What you should do | Of the entries below, return exactly those lines that fall between the one containing "msp.add_line((0, 0), (950, 0), dxfattribs=at)" and the one containing "height=2.5, dxfattribs=at).set_placement((466.83, 116.27))", the two end lines included.

Records provided |
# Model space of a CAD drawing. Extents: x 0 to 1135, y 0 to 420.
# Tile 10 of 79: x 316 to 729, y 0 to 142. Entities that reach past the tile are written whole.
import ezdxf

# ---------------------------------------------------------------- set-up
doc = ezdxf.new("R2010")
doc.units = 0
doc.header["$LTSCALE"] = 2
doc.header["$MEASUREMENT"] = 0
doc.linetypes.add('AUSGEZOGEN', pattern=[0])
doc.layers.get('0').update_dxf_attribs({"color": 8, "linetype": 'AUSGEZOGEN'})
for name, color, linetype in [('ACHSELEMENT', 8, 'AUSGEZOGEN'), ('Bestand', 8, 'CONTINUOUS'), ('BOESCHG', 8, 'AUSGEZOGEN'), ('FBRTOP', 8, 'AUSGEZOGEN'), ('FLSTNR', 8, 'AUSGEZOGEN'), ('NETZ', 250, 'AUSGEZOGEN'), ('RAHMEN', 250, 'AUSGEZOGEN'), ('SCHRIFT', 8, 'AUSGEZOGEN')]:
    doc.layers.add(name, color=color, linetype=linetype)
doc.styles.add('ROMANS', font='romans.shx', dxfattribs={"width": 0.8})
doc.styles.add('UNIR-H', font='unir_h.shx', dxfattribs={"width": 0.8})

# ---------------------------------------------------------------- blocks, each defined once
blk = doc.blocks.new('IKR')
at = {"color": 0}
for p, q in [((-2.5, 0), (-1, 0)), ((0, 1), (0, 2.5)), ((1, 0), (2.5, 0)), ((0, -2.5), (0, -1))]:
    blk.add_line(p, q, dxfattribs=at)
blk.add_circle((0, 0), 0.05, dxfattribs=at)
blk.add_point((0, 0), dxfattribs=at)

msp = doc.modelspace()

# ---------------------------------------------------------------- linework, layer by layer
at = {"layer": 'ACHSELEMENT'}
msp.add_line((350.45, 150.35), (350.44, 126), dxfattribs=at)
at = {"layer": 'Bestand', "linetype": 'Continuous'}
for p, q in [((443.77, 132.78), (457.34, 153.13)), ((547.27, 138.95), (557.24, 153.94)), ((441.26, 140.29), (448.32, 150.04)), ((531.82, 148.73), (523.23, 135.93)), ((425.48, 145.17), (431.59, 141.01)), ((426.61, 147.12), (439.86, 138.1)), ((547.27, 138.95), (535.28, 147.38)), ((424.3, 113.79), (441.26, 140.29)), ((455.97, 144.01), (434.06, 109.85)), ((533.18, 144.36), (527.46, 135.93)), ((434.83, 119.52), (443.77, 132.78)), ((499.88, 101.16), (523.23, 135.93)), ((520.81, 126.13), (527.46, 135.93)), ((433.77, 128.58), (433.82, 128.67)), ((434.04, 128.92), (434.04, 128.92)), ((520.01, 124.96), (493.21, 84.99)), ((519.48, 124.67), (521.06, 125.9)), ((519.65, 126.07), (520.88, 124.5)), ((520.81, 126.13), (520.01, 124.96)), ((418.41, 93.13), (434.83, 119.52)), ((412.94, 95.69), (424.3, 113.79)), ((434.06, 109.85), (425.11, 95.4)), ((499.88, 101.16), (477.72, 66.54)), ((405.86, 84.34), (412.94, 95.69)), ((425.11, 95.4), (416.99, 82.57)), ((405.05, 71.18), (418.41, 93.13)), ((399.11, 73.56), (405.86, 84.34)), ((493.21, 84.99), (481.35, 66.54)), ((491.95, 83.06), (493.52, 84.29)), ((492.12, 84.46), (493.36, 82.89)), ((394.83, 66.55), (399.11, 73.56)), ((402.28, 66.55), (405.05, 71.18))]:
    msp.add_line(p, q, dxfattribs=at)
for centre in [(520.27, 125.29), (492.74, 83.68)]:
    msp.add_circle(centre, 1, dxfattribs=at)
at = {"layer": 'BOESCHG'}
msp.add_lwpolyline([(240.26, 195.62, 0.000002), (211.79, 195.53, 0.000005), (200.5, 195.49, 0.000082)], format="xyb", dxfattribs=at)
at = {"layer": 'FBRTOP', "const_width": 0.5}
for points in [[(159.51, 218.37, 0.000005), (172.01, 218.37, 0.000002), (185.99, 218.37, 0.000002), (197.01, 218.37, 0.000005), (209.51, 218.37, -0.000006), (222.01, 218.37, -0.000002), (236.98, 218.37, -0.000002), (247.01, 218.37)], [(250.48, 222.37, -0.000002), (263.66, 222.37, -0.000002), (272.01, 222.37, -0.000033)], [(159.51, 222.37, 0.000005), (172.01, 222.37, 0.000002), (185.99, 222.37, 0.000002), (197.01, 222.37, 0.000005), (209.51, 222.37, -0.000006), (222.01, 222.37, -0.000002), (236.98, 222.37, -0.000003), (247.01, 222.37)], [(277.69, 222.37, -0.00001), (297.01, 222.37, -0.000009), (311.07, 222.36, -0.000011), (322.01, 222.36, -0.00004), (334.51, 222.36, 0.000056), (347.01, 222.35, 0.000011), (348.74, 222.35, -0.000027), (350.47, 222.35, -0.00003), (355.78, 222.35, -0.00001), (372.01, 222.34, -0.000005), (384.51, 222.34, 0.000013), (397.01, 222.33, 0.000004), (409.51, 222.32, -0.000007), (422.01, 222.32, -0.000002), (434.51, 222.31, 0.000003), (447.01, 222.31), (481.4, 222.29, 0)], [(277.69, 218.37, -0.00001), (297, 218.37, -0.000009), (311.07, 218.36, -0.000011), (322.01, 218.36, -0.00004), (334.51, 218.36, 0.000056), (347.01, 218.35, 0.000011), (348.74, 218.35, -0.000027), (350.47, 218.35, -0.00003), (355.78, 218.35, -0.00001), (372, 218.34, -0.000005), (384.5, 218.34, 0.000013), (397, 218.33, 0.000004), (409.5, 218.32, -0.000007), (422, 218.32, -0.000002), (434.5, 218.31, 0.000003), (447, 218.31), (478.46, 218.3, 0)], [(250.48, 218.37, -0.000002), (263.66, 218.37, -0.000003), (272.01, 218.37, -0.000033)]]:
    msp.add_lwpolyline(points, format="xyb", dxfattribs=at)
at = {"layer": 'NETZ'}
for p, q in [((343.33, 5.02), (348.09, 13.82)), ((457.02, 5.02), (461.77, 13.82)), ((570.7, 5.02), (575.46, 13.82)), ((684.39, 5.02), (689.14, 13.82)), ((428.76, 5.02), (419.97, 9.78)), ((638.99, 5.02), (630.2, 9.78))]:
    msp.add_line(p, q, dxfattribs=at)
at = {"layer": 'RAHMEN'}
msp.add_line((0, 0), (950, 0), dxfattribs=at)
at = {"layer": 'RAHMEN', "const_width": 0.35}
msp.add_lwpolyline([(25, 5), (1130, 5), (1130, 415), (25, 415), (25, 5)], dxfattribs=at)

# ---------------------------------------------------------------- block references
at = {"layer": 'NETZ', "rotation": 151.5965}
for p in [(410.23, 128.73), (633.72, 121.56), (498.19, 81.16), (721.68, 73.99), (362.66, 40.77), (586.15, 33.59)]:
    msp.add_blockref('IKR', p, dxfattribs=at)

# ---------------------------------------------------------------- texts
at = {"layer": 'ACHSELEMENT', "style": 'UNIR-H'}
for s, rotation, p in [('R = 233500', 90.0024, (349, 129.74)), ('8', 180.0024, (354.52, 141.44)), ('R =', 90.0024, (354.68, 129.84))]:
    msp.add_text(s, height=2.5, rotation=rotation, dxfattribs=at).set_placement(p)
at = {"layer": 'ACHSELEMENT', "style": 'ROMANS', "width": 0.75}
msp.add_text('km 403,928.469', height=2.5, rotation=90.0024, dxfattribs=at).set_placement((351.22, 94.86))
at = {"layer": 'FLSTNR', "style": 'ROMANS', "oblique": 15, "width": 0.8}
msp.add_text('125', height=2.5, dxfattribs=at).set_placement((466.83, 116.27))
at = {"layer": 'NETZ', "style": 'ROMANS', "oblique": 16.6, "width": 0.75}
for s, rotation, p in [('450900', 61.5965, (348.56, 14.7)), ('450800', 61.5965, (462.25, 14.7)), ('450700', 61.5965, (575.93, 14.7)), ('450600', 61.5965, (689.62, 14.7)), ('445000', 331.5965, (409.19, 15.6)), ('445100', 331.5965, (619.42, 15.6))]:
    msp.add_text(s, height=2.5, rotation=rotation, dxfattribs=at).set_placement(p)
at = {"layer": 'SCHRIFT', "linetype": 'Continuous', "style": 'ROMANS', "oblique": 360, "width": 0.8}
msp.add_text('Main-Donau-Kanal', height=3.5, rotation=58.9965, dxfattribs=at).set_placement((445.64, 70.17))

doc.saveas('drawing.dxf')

Solution for this task |
msp.add_line((0, 0), (950, 0), dxfattribs=at)
at = {"layer": 'RAHMEN', "const_width": 0.35}
msp.add_lwpolyline([(25, 5), (1130, 5), (1130, 415), (25, 415), (25, 5)], dxfattribs=at)

# ---------------------------------------------------------------- block references
at = {"layer": 'NETZ', "rotation": 151.5965}
for p in [(410.23, 128.73), (633.72, 121.56), (498.19, 81.16), (721.68, 73.99), (362.66, 40.77), (586.15, 33.59)]:
    msp.add_blockref('IKR', p, dxfattribs=at)

# ---------------------------------------------------------------- texts
at = {"layer": 'ACHSELEMENT', "style": 'UNIR-H'}
for s, rotation, p in [('R = 233500', 90.0024, (349, 129.74)), ('8', 180.0024, (354.52, 141.44)), ('R =', 90.0024, (354.68, 129.84))]:
    msp.add_text(s, height=2.5, rotation=rotation, dxfattribs=at).set_placement(p)
at = {"layer": 'ACHSELEMENT', "style": 'ROMANS', "width": 0.75}
msp.add_text('km 403,928.469', height=2.5, rotation=90.0024, dxfattribs=at).set_placement((351.22, 94.86))
at = {"layer": 'FLSTNR', "style": 'ROMANS', "oblique": 15, "width": 0.8}
msp.add_text('125', height=2.5, dxfattribs=at).set_placement((466.83, 116.27))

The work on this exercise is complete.